* [Data excerpts]
____________________

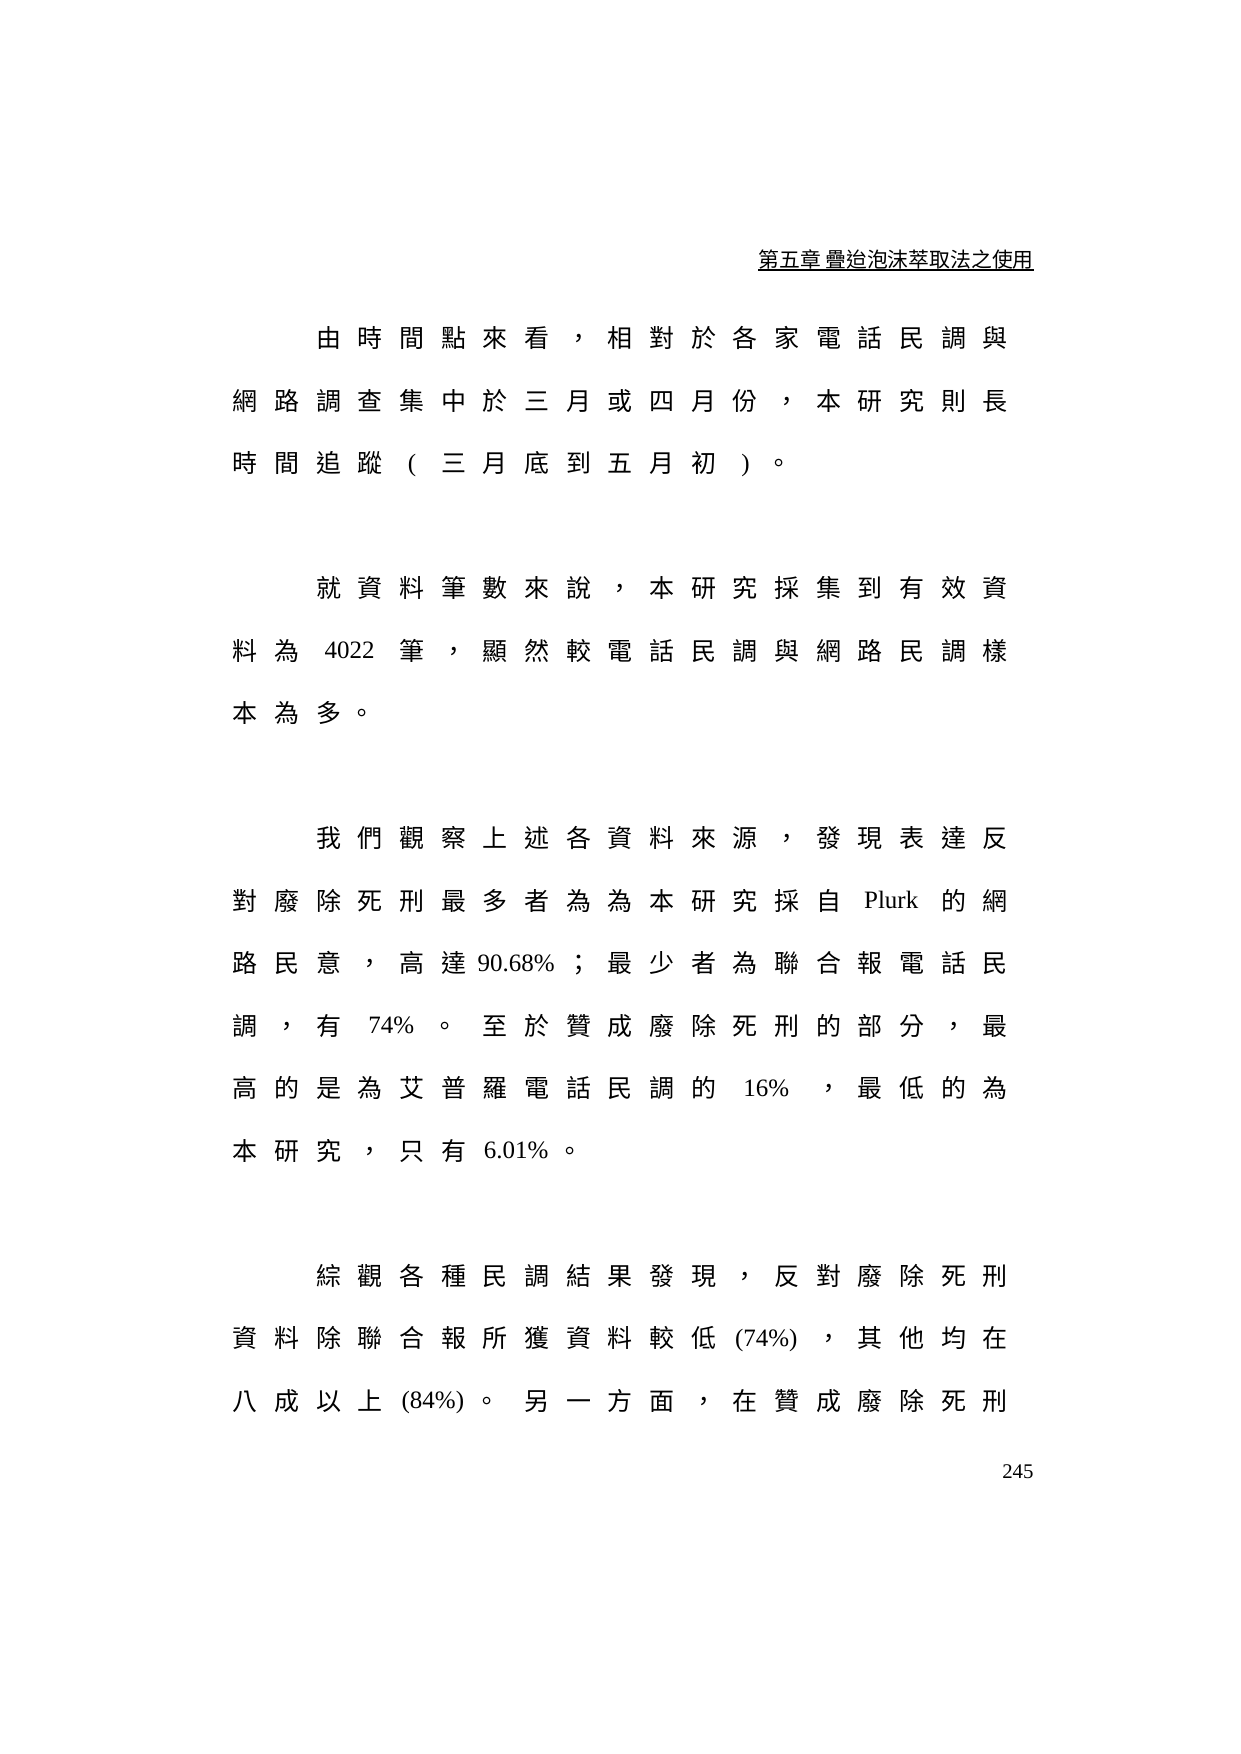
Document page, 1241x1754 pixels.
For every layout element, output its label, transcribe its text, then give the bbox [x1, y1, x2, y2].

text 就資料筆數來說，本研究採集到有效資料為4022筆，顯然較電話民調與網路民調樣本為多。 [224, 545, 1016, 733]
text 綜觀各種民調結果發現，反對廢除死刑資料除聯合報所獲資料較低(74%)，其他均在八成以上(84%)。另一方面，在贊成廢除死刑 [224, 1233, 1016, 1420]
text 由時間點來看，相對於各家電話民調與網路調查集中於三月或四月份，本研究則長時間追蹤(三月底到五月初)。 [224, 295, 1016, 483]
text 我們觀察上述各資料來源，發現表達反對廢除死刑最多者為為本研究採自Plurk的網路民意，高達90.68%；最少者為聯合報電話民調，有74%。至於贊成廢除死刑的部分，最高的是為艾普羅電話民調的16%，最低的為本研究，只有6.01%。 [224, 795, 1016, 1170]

____________________

* [Required action]
The "For every layout" line through the last line above: set these down exactly and add nothing else.

* [Your solution]
For every layout element, output its label, transcribe its text, then give the bbox [x1, y1, x2, y2].

text 就資料筆數來說，本研究採集到有效資料為4022筆，顯然較電話民調與網路民調樣本為多。 [224, 545, 1016, 733]
text 綜觀各種民調結果發現，反對廢除死刑資料除聯合報所獲資料較低(74%)，其他均在八成以上(84%)。另一方面，在贊成廢除死刑 [224, 1233, 1016, 1420]
text 由時間點來看，相對於各家電話民調與網路調查集中於三月或四月份，本研究則長時間追蹤(三月底到五月初)。 [224, 295, 1016, 483]
text 我們觀察上述各資料來源，發現表達反對廢除死刑最多者為為本研究採自Plurk的網路民意，高達90.68%；最少者為聯合報電話民調，有74%。至於贊成廢除死刑的部分，最高的是為艾普羅電話民調的16%，最低的為本研究，只有6.01%。 [224, 795, 1016, 1170]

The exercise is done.